Historia Szczuczyna: miasto, które przetrwało pożar
Wizyta w Szczuczynie okazała się ucztą dla ucha i oka. Przywitali nas prezes szczuczyńskiej jednostki Robert Łepkowski oraz Janusz Siemion, pasjonat historii Szczuczyna i wszystkiego co jego dotyczy.
– W 1858 r. wybuchł ogromny pożar, który strawił około 90% zabudowań, a były one wówczas drewniane, kryte strzechą. Wielu pogorzelców opuściło miasto osiedlając się w innych miejscach, natomiast ci co pozostali, wykazali wielką determinację w odbudowie miasta, ale już murowanego – opowiada pan Janusz.

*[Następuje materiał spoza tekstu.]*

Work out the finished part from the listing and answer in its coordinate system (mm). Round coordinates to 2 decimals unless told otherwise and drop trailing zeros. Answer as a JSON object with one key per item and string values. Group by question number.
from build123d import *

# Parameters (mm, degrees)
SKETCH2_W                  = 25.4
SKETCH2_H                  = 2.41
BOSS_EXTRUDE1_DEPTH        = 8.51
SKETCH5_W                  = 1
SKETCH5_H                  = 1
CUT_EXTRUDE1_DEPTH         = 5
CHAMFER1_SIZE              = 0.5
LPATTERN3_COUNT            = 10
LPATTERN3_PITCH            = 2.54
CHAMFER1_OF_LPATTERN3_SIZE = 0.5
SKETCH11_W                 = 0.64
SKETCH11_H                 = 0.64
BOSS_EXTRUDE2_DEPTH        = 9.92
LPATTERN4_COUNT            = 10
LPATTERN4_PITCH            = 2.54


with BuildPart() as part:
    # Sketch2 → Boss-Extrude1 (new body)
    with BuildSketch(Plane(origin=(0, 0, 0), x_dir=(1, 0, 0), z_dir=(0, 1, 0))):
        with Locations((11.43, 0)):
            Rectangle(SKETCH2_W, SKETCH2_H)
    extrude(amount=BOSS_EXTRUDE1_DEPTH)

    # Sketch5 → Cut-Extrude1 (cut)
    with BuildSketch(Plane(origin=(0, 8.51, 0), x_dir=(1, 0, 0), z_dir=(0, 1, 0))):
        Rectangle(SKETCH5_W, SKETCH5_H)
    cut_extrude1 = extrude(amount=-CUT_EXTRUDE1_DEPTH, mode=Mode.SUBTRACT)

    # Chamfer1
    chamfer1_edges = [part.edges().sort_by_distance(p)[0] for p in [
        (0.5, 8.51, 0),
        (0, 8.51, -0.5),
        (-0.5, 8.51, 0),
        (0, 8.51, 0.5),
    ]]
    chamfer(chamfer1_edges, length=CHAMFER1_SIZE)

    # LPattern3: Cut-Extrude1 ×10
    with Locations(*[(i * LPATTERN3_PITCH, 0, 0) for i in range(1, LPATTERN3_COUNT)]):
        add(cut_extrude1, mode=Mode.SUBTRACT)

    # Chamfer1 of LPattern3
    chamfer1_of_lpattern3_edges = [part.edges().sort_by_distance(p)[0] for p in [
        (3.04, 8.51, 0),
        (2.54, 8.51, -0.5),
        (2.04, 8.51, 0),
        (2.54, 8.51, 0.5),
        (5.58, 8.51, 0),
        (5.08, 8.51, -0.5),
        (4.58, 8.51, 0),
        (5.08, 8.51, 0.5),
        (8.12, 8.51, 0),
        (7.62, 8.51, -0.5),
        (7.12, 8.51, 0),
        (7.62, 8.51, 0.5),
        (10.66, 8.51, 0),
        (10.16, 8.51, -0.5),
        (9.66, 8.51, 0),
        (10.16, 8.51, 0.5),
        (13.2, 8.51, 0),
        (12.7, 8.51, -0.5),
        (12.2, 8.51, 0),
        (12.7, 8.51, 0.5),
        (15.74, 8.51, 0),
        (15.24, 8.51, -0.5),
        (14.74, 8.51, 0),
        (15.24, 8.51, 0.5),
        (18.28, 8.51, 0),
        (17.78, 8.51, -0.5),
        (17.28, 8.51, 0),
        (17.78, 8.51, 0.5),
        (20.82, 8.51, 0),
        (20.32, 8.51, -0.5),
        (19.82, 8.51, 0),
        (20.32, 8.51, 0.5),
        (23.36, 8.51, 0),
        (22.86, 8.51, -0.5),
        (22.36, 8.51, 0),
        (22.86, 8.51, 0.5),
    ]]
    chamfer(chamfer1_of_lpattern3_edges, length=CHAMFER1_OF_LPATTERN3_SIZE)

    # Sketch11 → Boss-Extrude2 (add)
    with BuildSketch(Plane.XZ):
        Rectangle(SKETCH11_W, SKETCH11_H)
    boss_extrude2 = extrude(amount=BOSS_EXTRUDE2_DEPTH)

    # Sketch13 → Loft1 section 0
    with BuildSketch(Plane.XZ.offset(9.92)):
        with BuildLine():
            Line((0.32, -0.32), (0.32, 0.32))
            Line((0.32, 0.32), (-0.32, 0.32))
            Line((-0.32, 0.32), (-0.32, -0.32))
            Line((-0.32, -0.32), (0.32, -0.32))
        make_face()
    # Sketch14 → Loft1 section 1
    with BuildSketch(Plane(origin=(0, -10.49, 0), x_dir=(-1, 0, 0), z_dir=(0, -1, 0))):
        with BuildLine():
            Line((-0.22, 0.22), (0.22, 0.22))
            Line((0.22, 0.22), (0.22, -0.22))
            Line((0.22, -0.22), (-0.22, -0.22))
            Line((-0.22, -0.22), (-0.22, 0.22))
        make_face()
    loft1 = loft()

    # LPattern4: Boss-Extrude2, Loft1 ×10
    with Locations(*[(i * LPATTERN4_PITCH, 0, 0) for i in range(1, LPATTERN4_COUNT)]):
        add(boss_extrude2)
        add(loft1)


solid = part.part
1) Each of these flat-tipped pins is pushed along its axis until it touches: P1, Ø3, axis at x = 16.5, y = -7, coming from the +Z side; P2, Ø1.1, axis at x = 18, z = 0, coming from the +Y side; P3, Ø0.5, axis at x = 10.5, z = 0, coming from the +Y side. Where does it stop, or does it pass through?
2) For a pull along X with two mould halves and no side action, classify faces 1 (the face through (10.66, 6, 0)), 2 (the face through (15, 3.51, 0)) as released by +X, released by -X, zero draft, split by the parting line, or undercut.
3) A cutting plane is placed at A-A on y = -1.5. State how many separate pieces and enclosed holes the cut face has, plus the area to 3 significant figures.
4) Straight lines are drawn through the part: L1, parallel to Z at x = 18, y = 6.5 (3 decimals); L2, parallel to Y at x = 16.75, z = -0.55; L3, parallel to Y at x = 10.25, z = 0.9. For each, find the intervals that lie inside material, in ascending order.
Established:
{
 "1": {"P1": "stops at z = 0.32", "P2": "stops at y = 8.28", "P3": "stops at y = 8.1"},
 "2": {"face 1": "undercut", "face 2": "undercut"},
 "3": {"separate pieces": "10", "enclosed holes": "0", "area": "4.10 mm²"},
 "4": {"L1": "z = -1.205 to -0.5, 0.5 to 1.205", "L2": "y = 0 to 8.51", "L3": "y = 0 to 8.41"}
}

– W 1882 r. Dymitr Spirydonow, pełniący wówczas funkcję naczelnika powiatu, zgodził się na powołanie do życia Straży Ogniowej, obecnej OSP. Organizacja miała nie tylko gasić pożary, lecz także prowadzić patriotyczną działalność kulturowo-oświatową. Pierwszym naczelnikiem został wybrany aptekarz Roman Wilczyński. Straż liczyła wówczas 15 osób i została podzielona na: toporników, sikawkowych i dowożących wodę. Strażacy dysponowali 2 sikawkami ręcznymi, 5 odcinkami węży, 4 beczkowozami i kilkoma wiadrami.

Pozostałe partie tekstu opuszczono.